CARTAS
Desabafo
Decididamente esse respeitável diário não tem, ultimamente, boas notícias a seus leitores, apesar de seu inegável direito de informar. A manchete desta terça-feira - ''Alunos sofrem efeitos da crise'' - nos faz ter a certeza de que essa atual democracia só existe para uns poucos. Embora assegurada na Constituição Federal (para mim, uma grande piada) a educação tal qual a saúde pública, são motivos de piedade. Enquanto há verbas e mais verbas para os aditivos contratuais, gastos em publicidade (para quê?) e os vergonhosos salários e acessórios dos ocupantes da Assembléia Legislativa, e evidentemente seus apaniguados, a população sofre sem poder reclamar. Os desmandos, a falta de seriedade por parte dos políticos - em todos os níveis frise-se bem -, acabará por levar-nos a exercer nosso direito de cidadania.

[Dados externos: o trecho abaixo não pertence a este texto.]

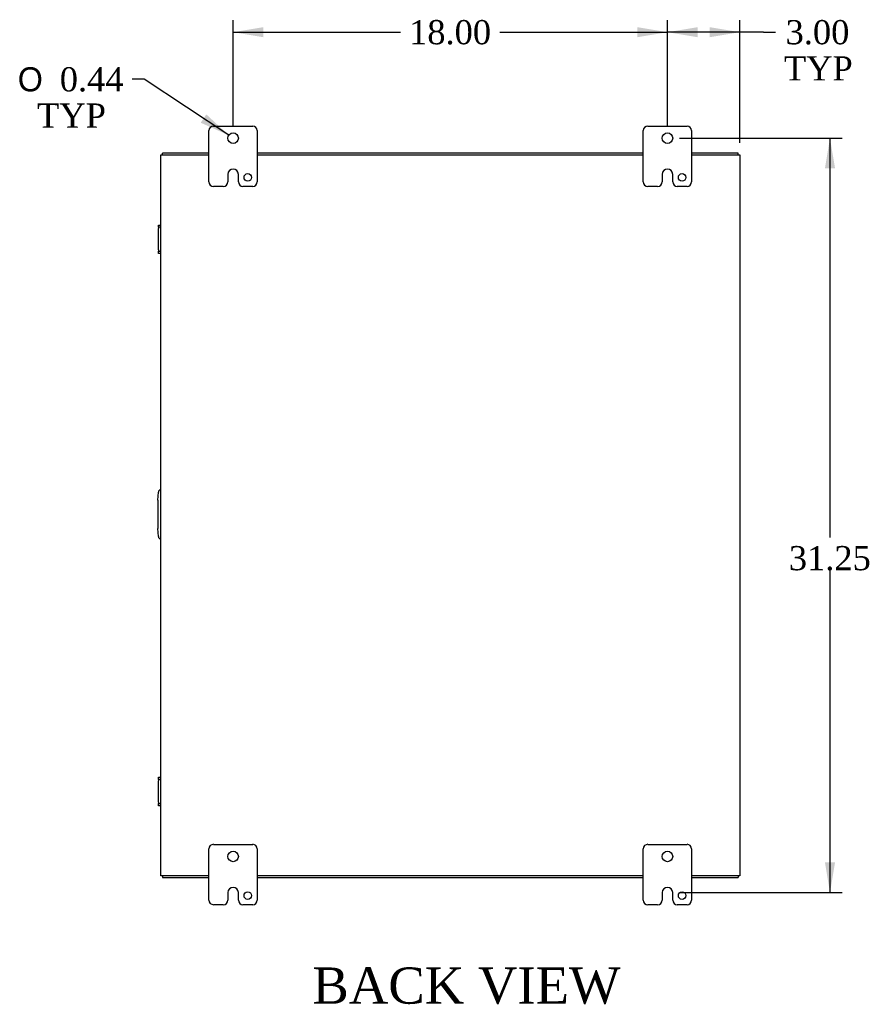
# Model space of a CAD drawing. Header units: inches. Extents: x 6 to 238, y 0 to 158.
# Tile 6 of 7: x 180 to 215, y 62 to 103. Entities that reach past the tile are written whole.
import ezdxf
from ezdxf.enums import TextEntityAlignment as Align

# ---------------------------------------------------------------- set-up
doc = ezdxf.new("R2010")
doc.units = ezdxf.units.IN
doc.header["$MEASUREMENT"] = 0
for name, color, linetype in [('COM40153-2', 7, 'CONTINUOUS'), ('COM42667', 7, 'CONTINUOUS'), ('COM48483', 7, 'CONTINUOUS'), ('COM48513', 7, 'CONTINUOUS'), ('DEFAULT', 7, 'CONTINUOUS'), ('FET07710', 7, 'CONTINUOUS')]:
    doc.layers.add(name, color=color, linetype=linetype)
doc.styles.add('SEACAD_SOLID_EDGE_ANSI1_SY', font='txt')
doc.styles.add('SEACAD_TIMES_NEW_ROMAN', font='times.ttf')

# ---------------------------------------------------------------- blocks, each defined once
blk = doc.blocks.new('GDIMGGROUP11')
at = {"layer": 'DEFAULT', "linetype": 'Continuous'}
for points in [[(190.262, 102.86), (189.012, 102.652), (190.262, 102.443)], [(205.762, 102.86), (205.762, 102.443), (207.012, 102.652)]]:
    blk.add_hatch(color=136, dxfattribs=at).paths.add_polyline_path(points)
at = {"layer": 'DEFAULT', "color": 136, "linetype": 'Continuous'}
for p, q in [((189.012, 98.763), (189.012, 103.152)), ((207.012, 98.763), (207.012, 103.152)), ((189.012, 102.652), (195.955, 102.652)), ((200.068, 102.652), (207.012, 102.652))]:
    blk.add_line(p, q, dxfattribs=at)
at = {"layer": 'DEFAULT', "color": 136, "linetype": 'Continuous', "style": 'SEACAD_TIMES_NEW_ROMAN'}
blk.add_text('18.00', height=1, dxfattribs=at).set_placement((196.305, 103.152), align=Align.TOP_LEFT)
blk = doc.blocks.new('GDIMGGROUP12')
at = {"layer": 'DEFAULT', "linetype": 'Continuous'}
for points in [[(208.262, 102.86), (207.012, 102.652), (208.262, 102.443)], [(208.762, 102.86), (208.762, 102.443), (210.012, 102.652)]]:
    blk.add_hatch(color=136, dxfattribs=at).paths.add_polyline_path(points)
at = {"layer": 'DEFAULT', "color": 136, "linetype": 'Continuous'}
for p, q in [((207.012, 98.763), (207.012, 103.152)), ((210.012, 98.066), (210.012, 103.152)), ((210.988, 102.652), (207.012, 102.652)), ((210.988, 102.652), (211.488, 102.652))]:
    blk.add_line(p, q, dxfattribs=at)
at = {"layer": 'DEFAULT', "color": 136, "linetype": 'Continuous', "style": 'SEACAD_TIMES_NEW_ROMAN'}
for s, p in [('3.00', (211.909, 103.152)), ('TYP', (211.838, 101.652))]:
    blk.add_text(s, height=1, dxfattribs=at).set_placement(p, align=Align.TOP_LEFT)
blk = doc.blocks.new('GDIMGGROUP13')
at = {"layer": 'DEFAULT', "linetype": 'Continuous'}
for points in [[(213.958, 97.013), (213.749, 98.263), (213.541, 97.013)], [(213.958, 68.263), (213.541, 68.263), (213.749, 67.013)]]:
    blk.add_hatch(color=136, dxfattribs=at).paths.add_polyline_path(points)
at = {"layer": 'DEFAULT', "color": 136, "linetype": 'Continuous'}
for p, q in [((207.512, 98.263), (214.249, 98.263)), ((213.749, 98.263), (213.749, 81.718)), ((213.749, 80.368), (213.749, 67.013)), ((207.512, 67.013), (214.249, 67.013))]:
    blk.add_line(p, q, dxfattribs=at)
at = {"layer": 'DEFAULT', "color": 136, "linetype": 'Continuous', "style": 'SEACAD_TIMES_NEW_ROMAN'}
blk.add_text('31.25', height=1, dxfattribs=at).set_placement((212.043, 81.368), align=Align.TOP_LEFT)
blk = doc.blocks.new('GDIMGGROUP22')
at = {"layer": 'DEFAULT', "linetype": 'Continuous'}
blk.add_hatch(color=136, dxfattribs=at).paths.add_polyline_path([(187.672, 98.901), (188.829, 98.384), (187.902, 99.248)])
at = {"layer": 'DEFAULT', "color": 136, "linetype": 'Continuous'}
for p, q in [((185.333, 100.7), (184.833, 100.7)), ((188.829, 98.384), (185.333, 100.7))]:
    blk.add_line(p, q, dxfattribs=at)
for s, style, p in [('O', 'SEACAD_SOLID_EDGE_ANSI1_SY', (180.088, 101.2)), ('0.44', 'SEACAD_TIMES_NEW_ROMAN', (181.829, 101.2)), ('TYP', 'SEACAD_TIMES_NEW_ROMAN', (180.888, 99.7))]:
    blk.add_text(s, height=1, dxfattribs=dict(at, style=style)).set_placement(p, align=Align.TOP_LEFT)

msp = doc.modelspace()

# ---------------------------------------------------------------- linework, layer by layer
at = {"layer": 'COM40153-2', "color": 7}
for p, q in [((185.887, 83.264), (185.916, 83.598)), ((185.887, 83.264), (185.887, 82.093)), ((185.916, 81.759), (185.887, 82.093))]:
    msp.add_line(p, q, dxfattribs=at)
for centre, start, end in [((186.04, 83.587), 103.3006, 175), ((186.04, 81.77), 185, 256.6994)]:
    msp.add_arc(centre, 0.125, start, end, dxfattribs=at)
at = {"layer": 'COM42667', "color": 7}
for p, q in [((185.916, 94.57), (185.916, 94.665)), ((185.916, 94.665), (186.012, 94.665)), ((185.916, 94.57), (185.916, 94.522)), ((186.012, 94.57), (185.916, 94.57)), ((185.916, 93.631), (185.916, 94.522)), ((185.916, 93.631), (185.916, 93.583)), ((185.916, 93.488), (185.916, 93.583)), ((185.916, 93.583), (186.012, 93.583)), ((186.012, 93.488), (185.916, 93.488)), ((185.916, 71.694), (185.916, 71.789)), ((185.916, 71.789), (186.012, 71.789)), ((185.916, 71.694), (185.916, 71.646)), ((186.012, 71.694), (185.916, 71.694)), ((185.916, 70.755), (185.916, 71.646)), ((185.916, 70.755), (185.916, 70.707)), ((185.916, 70.612), (185.916, 70.707)), ((185.916, 70.707), (186.012, 70.707)), ((186.012, 70.612), (185.916, 70.612))]:
    msp.add_line(p, q, dxfattribs=at)
at = {"layer": 'COM48483', "color": 7}
for p, q in [((186.012, 67.71), (186.012, 97.566)), ((186.012, 97.566), (186.12, 97.566)), ((186.12, 97.566), (188.012, 97.566)), ((190.012, 97.566), (206.012, 97.566)), ((208.012, 97.566), (209.904, 97.566)), ((209.904, 97.566), (210.012, 97.566)), ((210.012, 97.566), (210.012, 67.71)), ((186.12, 67.71), (186.012, 67.71)), ((188.012, 67.71), (186.12, 67.71)), ((206.012, 67.71), (190.012, 67.71)), ((209.904, 67.71), (208.012, 67.71)), ((210.012, 67.71), (209.904, 67.71))]:
    msp.add_line(p, q, dxfattribs=at)
at = {"layer": 'COM48513', "color": 7}
for p, q in [((188.012, 97.638), (186.084, 97.638)), ((186.084, 97.566), (186.084, 97.638)), ((206.012, 97.638), (190.012, 97.638)), ((209.94, 97.638), (208.012, 97.638)), ((209.94, 97.566), (209.94, 97.638)), ((186.084, 67.71), (186.084, 67.638)), ((209.94, 67.71), (209.94, 67.638)), ((186.084, 67.638), (188.012, 67.638)), ((190.012, 67.638), (206.012, 67.638)), ((208.012, 67.638), (209.94, 67.638))]:
    msp.add_line(p, q, dxfattribs=at)
for points, knots in [([(186.121, 67.711), (186.12, 67.711), (186.117, 67.711), (186.115, 67.711), (186.113, 67.71)], [0.7987209, 0.7987209, 0.7987209, 0.7987209, 0.8826098, 1, 1, 1, 1]), ([(209.91, 67.71), (209.909, 67.711), (209.907, 67.711), (209.905, 67.711), (209.903, 67.711), (209.902, 67.711)], [0, 0, 0, 0, 0.078044, 0.1570215, 0.2012853, 0.2012853, 0.2012853, 0.2012853])]:
    msp.add_open_spline(points, degree=3, knots=knots, dxfattribs=at)
at = {"layer": 'FET07710', "color": 7}
for p, q in [((188.199, 98.763), (189.824, 98.763)), ((206.199, 98.763), (207.824, 98.763)), ((188.012, 96.451), (188.012, 98.576)), ((190.012, 98.576), (190.012, 96.451)), ((206.012, 96.451), (206.012, 98.576)), ((208.012, 98.576), (208.012, 96.451)), ((188.794, 96.763), (188.794, 96.451)), ((189.012, 96.981), (189.012, 96.981)), ((189.23, 96.451), (189.23, 96.763)), ((206.794, 96.763), (206.794, 96.451)), ((207.012, 96.981), (207.012, 96.981)), ((207.23, 96.451), (207.23, 96.763)), ((188.606, 96.263), (188.199, 96.263)), ((189.824, 96.263), (189.418, 96.263)), ((206.606, 96.263), (206.199, 96.263)), ((207.824, 96.263), (207.418, 96.263)), ((188.199, 69.013), (189.824, 69.013)), ((206.199, 69.013), (207.824, 69.013)), ((188.012, 66.701), (188.012, 68.826)), ((190.012, 68.826), (190.012, 66.701)), ((206.012, 66.701), (206.012, 68.826)), ((208.012, 68.826), (208.012, 66.701)), ((188.794, 67.013), (188.794, 66.701)), ((189.012, 67.231), (189.012, 67.231)), ((189.23, 66.701), (189.23, 67.013)), ((206.794, 67.013), (206.794, 66.701)), ((207.012, 67.231), (207.012, 67.231)), ((207.23, 66.701), (207.23, 67.013)), ((188.606, 66.513), (188.199, 66.513)), ((189.824, 66.513), (189.418, 66.513)), ((206.606, 66.513), (206.199, 66.513)), ((207.824, 66.513), (207.418, 66.513))]:
    msp.add_line(p, q, dxfattribs=at)
for centre, radius in [((189.012, 98.263), 0.219), ((207.012, 98.263), 0.219), ((189.621, 96.638), 0.156), ((207.621, 96.638), 0.156), ((189.012, 68.513), 0.219), ((207.012, 68.513), 0.219), ((189.621, 66.888), 0.156), ((207.621, 66.888), 0.156)]:
    msp.add_circle(centre, radius, dxfattribs=at)
for centre, radius, start, end in [((188.199, 98.576), 0.188, 90, 180), ((189.824, 98.576), 0.188, 0, 90), ((206.199, 98.576), 0.188, 90, 180), ((207.824, 98.576), 0.187, 0, 90), ((189.012, 96.763), 0.218, 90, 180), ((189.012, 96.763), 0.218, 0, 90), ((207.012, 96.763), 0.218, 90, 180), ((207.012, 96.763), 0.218, 0, 90), ((188.199, 96.451), 0.188, 180, 270), ((188.606, 96.451), 0.188, 270, 0), ((189.418, 96.451), 0.188, 180, 270), ((189.824, 96.451), 0.188, 270, 0), ((206.199, 96.451), 0.188, 180, 270), ((206.606, 96.451), 0.188, 270, 0), ((207.418, 96.451), 0.188, 180, 270), ((207.824, 96.451), 0.188, 270, 0), ((188.199, 68.826), 0.188, 90, 180), ((189.824, 68.826), 0.188, 0, 90), ((206.199, 68.826), 0.188, 90, 180), ((207.824, 68.826), 0.188, 0, 90), ((189.012, 67.013), 0.218, 90, 180), ((189.012, 67.013), 0.218, 0, 90), ((207.012, 67.013), 0.218, 90, 180), ((207.012, 67.013), 0.218, 0, 90), ((188.199, 66.701), 0.187, 180, 270), ((188.606, 66.701), 0.188, 270, 0), ((189.418, 66.701), 0.188, 180, 270), ((189.824, 66.701), 0.188, 270, 0), ((206.199, 66.701), 0.188, 180, 270), ((206.606, 66.701), 0.188, 270, 0), ((207.418, 66.701), 0.188, 180, 270), ((207.824, 66.701), 0.188, 270, 0)]:
    msp.add_arc(centre, radius, start, end, dxfattribs=at)

# ---------------------------------------------------------------- block references
at = {"layer": 'DEFAULT', "color": 7}
for name in ['GDIMGGROUP11', 'GDIMGGROUP12', 'GDIMGGROUP22', 'GDIMGGROUP13']:
    msp.add_blockref(name, (0, 0), dxfattribs=at)

# ---------------------------------------------------------------- texts
at = {"layer": 'DEFAULT', "color": 7, "style": 'SEACAD_TIMES_NEW_ROMAN'}
msp.add_text('BACK VIEW', height=1.5, dxfattribs=at).set_placement((192.297, 63.914), align=Align.TOP_LEFT)

doc.saveas('drawing.dxf')

Algum paranaense já parou para pensar quanto custa por mês manter os deputados estaduais, os aspones, verba de gabinete, gasolina, anistia das multas, papel, telefone, energia elétrica e água daquela profícua casa de leis (que mais parece a casa da mãe Joana)?
Por derradeiro, onde estão os bilhões da CPMF, se continua morrendo pessoas decentes por falta de medicamentos nas farmácias e vagas nos hospitais?
TADEU ARILSON STULZER (advogado) - Londrina
Bom-senso na educação
Acostumados que fomos a presenciar medidas desastrosas de governos anteriores, em vários campos, sentimo-nos propensos a aplaudir as de bom-senso no atual, sobretudo no que se refere à educação. Claro que aguardamos com expectativa otimista decisões em outras áreas, como na questão do pedágio. As medidas já tomadas em favor dos educadores e da educação do ensino médio e fundamental, ainda que não sejam inovações que surpreendam os educadores, mas o resultado do bom-senso ao atender-lhes antigas reivindicações, merecem ser reconhecidas como um avanço da atual administração. Entre elas, por exemplo, o pagamento do terço de férias, prometido para o início das próprias férias.
Havia contra-senso maior do que pagá-las depois delas, e em parcelas, como fazia o governo anterior? São de se destacarem também a elevação de 10% para 20% da hora-atividade; o restabelecimento do contra-turno nas escolas de 1 a 4 séries; a promessa de eleições democráticas para diretores das escolas. Outra decisão louvável do secretário da Educação é o seu compromisso de lutar junto ao governo federal pela manutenção dos 25% dos impostos para a educação.
Felizmente, parece superada no governo, questão de bom-senso também, a insistência em compensar a falta crônica de reajuste para os professores com o abono (estilo Fome Zero) de R$ 50. Recentemente, entretanto, uma parcela de professores se surpreendeu com a quebra de uma regra do RDT, que estabelecia a contagem de tempo pela média entre o cargo mais novo e o mais antigo. Ao menos houvesse uma compensação através da anulação de outra regra, que permitisse a aposentadoria em separado de cada padrão. Fora isso, esperamos que o bom-senso continue imperando neste governo, favorecendo sempre as condições para uma boa qualidade de ensino.
JOSÉ ANTÔNIO TRINDADE (professor) - Curitiba
Qualidade do ensino
Eu sou um professor, assim como o leitor Sérgio Toreto o é em boa parte do seu tempo de trabalho, e deixo claro que se a maioria dos alunos está concluindo o ensino fundamental e médio semi-analfabetos, a culpa é de todas as partes envolvidas no processo educacional. Os pais precisam estar mais próximos da escola, os alunos precisam se conscientizar que têm de estudar com seriedade, os professores precisam rever metodologias de ensino e formas de avaliação, os pedagogos e diretores devem auxiliar os educadores e o governo deve estruturar bem as escolas e remunerar dignamente os mestres. Só assim, com um trabalho conjunto é que vamos ter educação com qualidade aceitável.
Agora, dizer que avanço de série, não reprovação e recuperação paralela, cursos à distância e tele-salas de aula são recursos criados pelo governo para distribuir diplomas é uma verdadeira mentira. O que precisamos é fazer com competência o aluno avançar, passar de série sabendo conteúdos essenciais e recuperá-lo antes que ele reprove. Cursos à distância e tele-salas são opções que um país continental como o Brasil não pode desperdiçar. Mas é preciso eficiência, de todos.